Fred Ryan wrote in his paper Sunday evening that the Biden Justice department not only kept pursuing Trump-era battles against reporters and outlets, but expanded them. Earlier this year, the Biden DOJ won a judge’s approval for a gag order against The New York Times, preventing the newspaper from publicly revealing its legal battle with the federal government over its reporters’ records. Ryan wrote:

 
 

After Biden took office, the department continued to pursue subpoenas for reporters’ email logs issued to Google, which operates the New York Times’ email systems, and it obtained a gag order compelling a Times attorney to keep silent about the fact that federal authorities were seeking to seize his colleagues’ records. Later, when the Justice Department broadened the number of those permitted to know about the effort, it barred Times executives from discussing the legal battle with the Times newsroom, including the paper’s top editor.

This escalation, on Biden’s watch, represents an unprecedented assault on American news organizations and their efforts to inform the public about government wrongdoing.

Ryan also said The Washington Post has yet to hear back from the Biden DOJ on subpoenas submitted under former President Donald Trump for the records of several Post reporters.

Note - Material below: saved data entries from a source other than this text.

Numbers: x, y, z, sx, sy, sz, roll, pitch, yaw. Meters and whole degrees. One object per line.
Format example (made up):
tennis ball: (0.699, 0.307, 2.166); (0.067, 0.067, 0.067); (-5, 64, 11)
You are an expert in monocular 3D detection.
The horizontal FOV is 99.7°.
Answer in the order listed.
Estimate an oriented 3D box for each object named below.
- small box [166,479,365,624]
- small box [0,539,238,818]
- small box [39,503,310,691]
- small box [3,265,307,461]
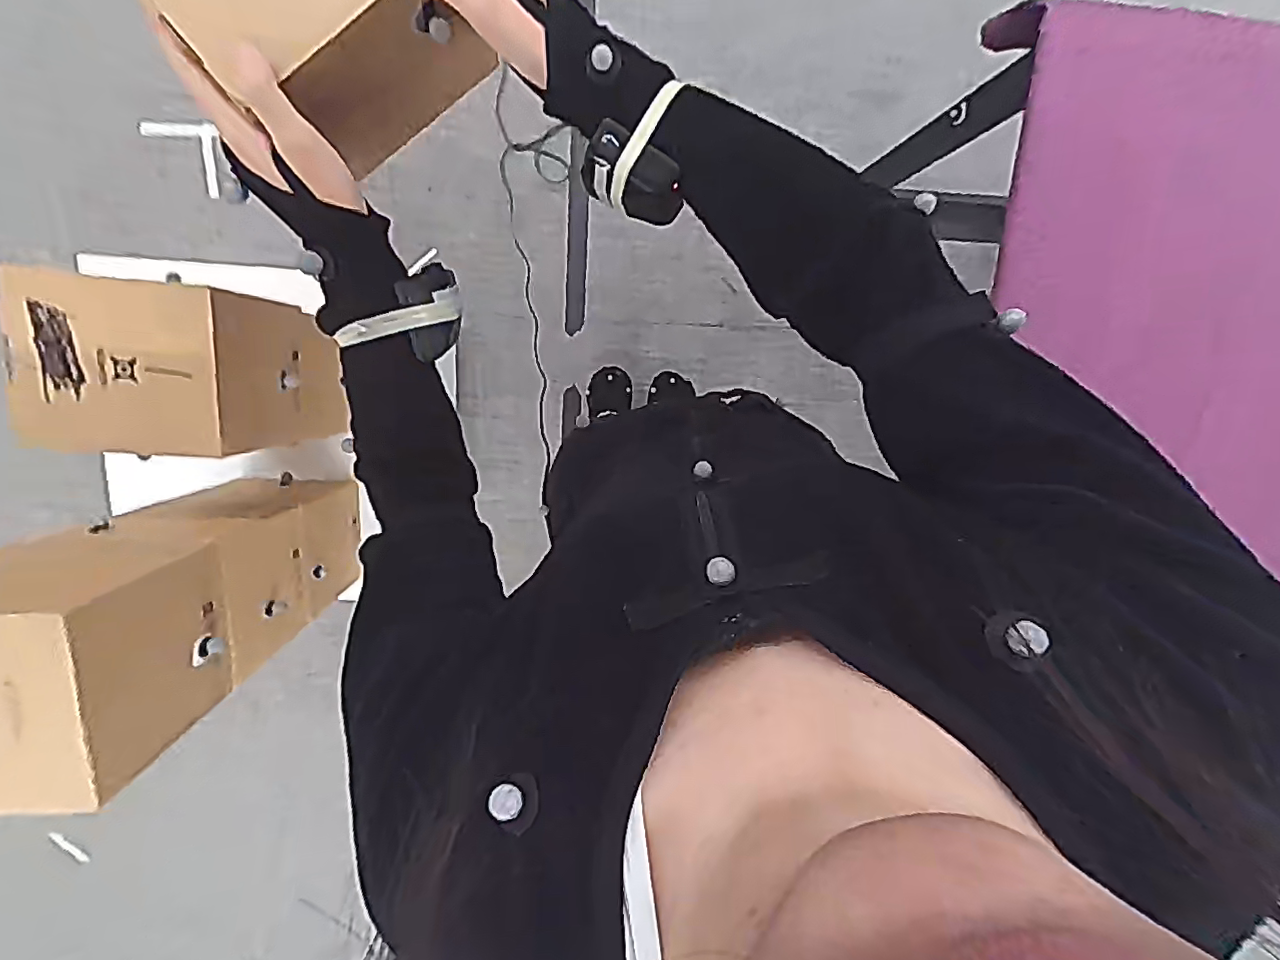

“To date, no answers have been provided and the meeting has yet to take place. This delay is troubling,” Ryan wrote. “When asked about how the president’s assurances can be squared with his Justice Department’s behavior, White House press secretary Jen Psaki could offer no explanation. She subsequently released a statement disavowing White House knowledge of the actions that appear to have continued for several months during Biden’s presidency.”

The DOJ is never going to please everyone, but as regarding defending the religious exemption, I am hoping it will move forward and defend it in good faith.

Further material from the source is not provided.